[Requirement]
In the entries below, how many lines contain the word "Seattle"? State the number and nothing more.

[[ Dataset excerpts open ]]

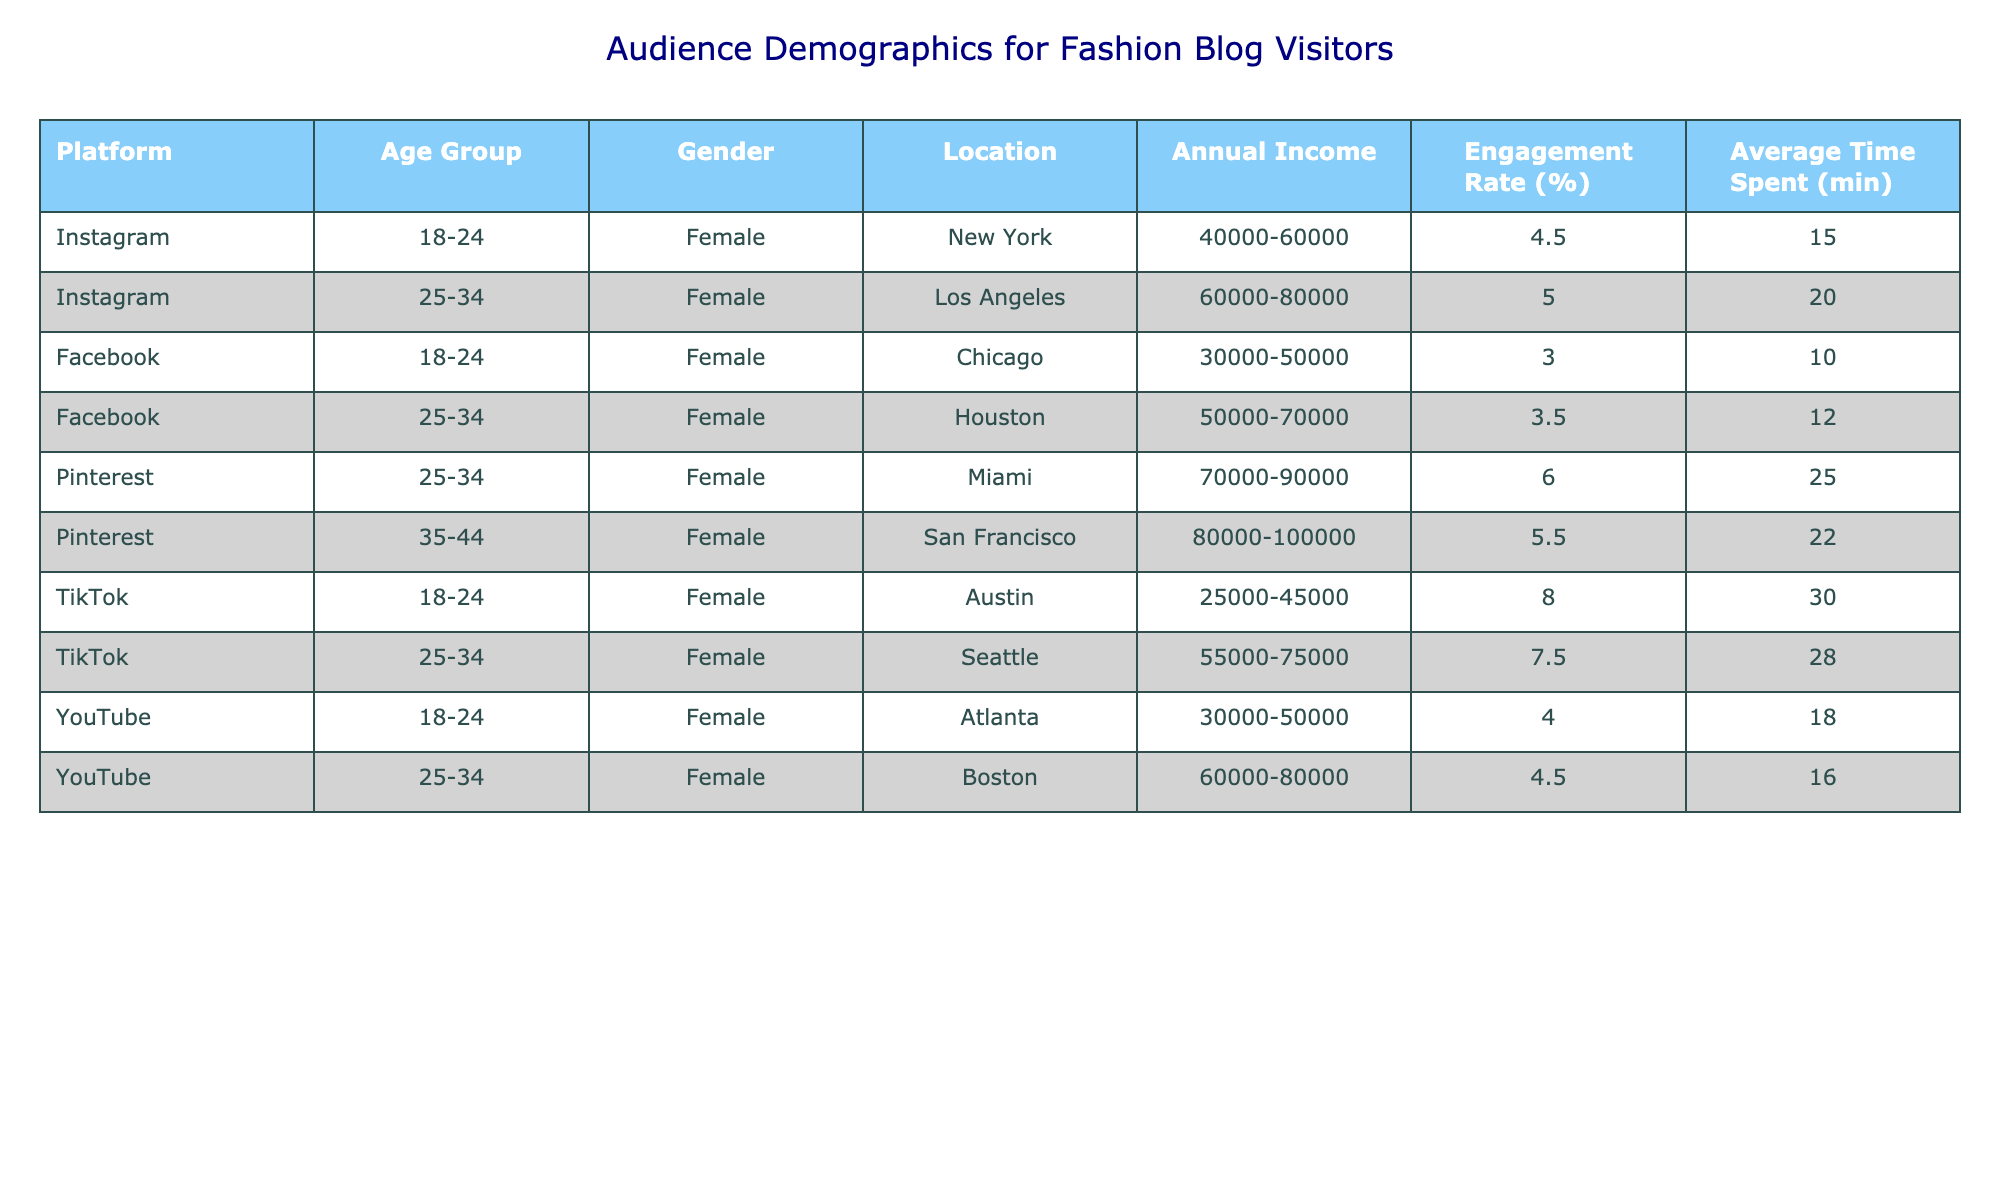What is the engagement rate for TikTok users aged 18-24? The table shows that for TikTok users in the age group 18-24, the engagement rate is listed as 8.0%.
Answer: 8.0% Which platform has the highest average time spent by visitors? Looking at the "Average Time Spent" column, TikTok users aged 18-24 spend the most time at 30 minutes. No other platform has a value higher than this.
Answer: TikTok What is the annual income range of Instagram visitors aged 25-34? The table indicates that Instagram visitors in the age group 25-34 have an annual income range of 60,000 to 80,000.
Answer: 60,000-80,000 Is there a gender difference in the engagement rates for Facebook users across the two age groups listed? For Facebook, the engagement rates are 3.0% for users aged 18-24 and 3.5% for users aged 25-34, both being female and relatively low. There is a slight increase in engagement rate but not significant.
Answer: Yes, slight increase What is the average engagement rate across all platforms for female users aged 25-34? To find the average, we look at the engagement rates for this age group: Instagram is 5.0%, Facebook is 3.5%, Pinterest is 6.0%, TikTok is 7.5%, and YouTube is 4.5%. Summing these values gives: 5.0 + 3.5 + 6.0 + 7.5 + 4.5 = 26.5. Dividing by 5 gives the average engagement rate of 5.3%.
Answer: 5.3% Which location has the highest annual income range among Pinterest users? From the table, Pinterest users aged 25-34 are located in Miami, with an annual income range of 70,000 to 90,000. The 35-44 age group for Pinterest is based in San Francisco with an income of 80,000 to 100,000, which is higher.
Answer: San Francisco What is the location for TikTok users aged 25-34 with an annual income of 55,000-75,000? For TikTok users in the age group 25-34, the listed location is Seattle, which fits the specified income range of 55,000 to 75,000.
Answer: Seattle How many users on Facebook have an engagement rate below 4%? Analyzing the Facebook data, we observe that there are two entries: 3.0% for ages 18-24 and 3.5% for ages 25-34, meaning both have engagement rates below 4%. Therefore, there are 2 users.
Answer: 2 What can be inferred about the average time spent by the oldest age group (35-44) on Pinterest versus the youngest (18-24) on TikTok? The average time spent by Pinterest users aged 35-44 is 22 minutes, while users aged 18-24 on TikTok spend 30 minutes. This indicates that the younger group spends significantly more time on their platform.
Answer: Younger group spends more time 
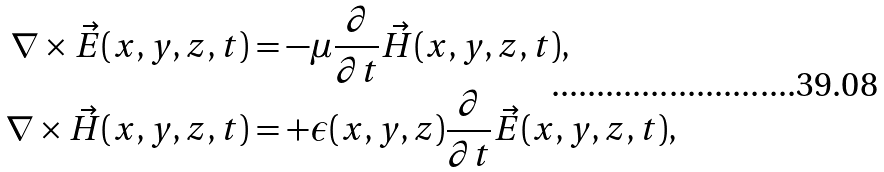<formula> <loc_0><loc_0><loc_500><loc_500>\nabla \times \vec { E } ( x , y , z , t ) & = - \mu \frac { \partial } { \partial t } \vec { H } ( x , y , z , t ) , \\ \nabla \times \vec { H } ( x , y , z , t ) & = + \epsilon ( x , y , z ) \frac { \partial } { \partial t } \vec { E } ( x , y , z , t ) ,</formula> 
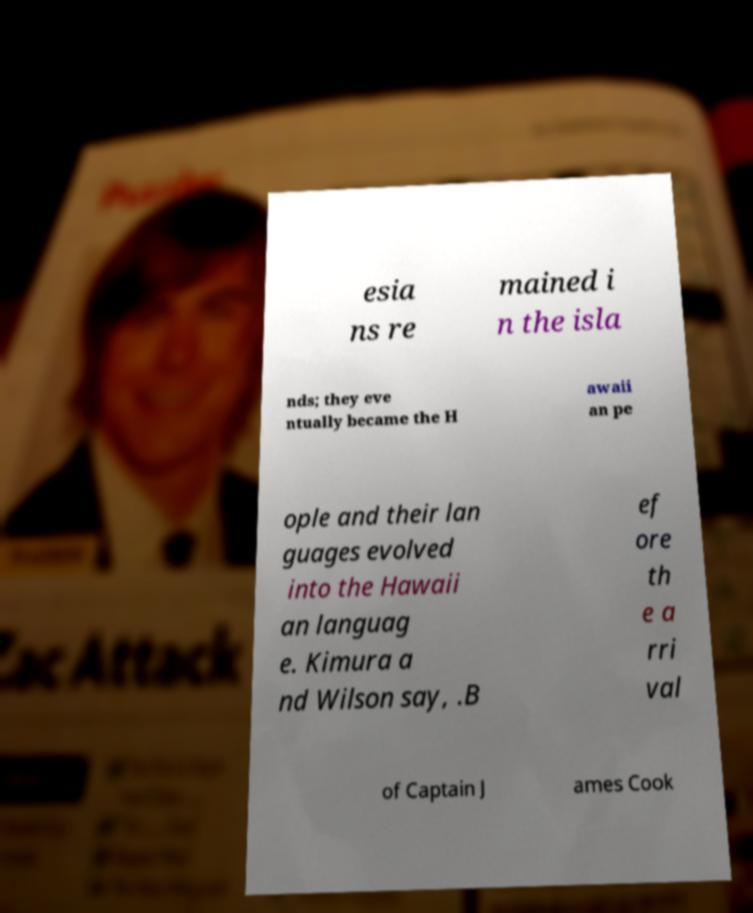Could you assist in decoding the text presented in this image and type it out clearly? esia ns re mained i n the isla nds; they eve ntually became the H awaii an pe ople and their lan guages evolved into the Hawaii an languag e. Kimura a nd Wilson say, .B ef ore th e a rri val of Captain J ames Cook

[[ Dataset excerpts closed ]]

[Exercise output]
2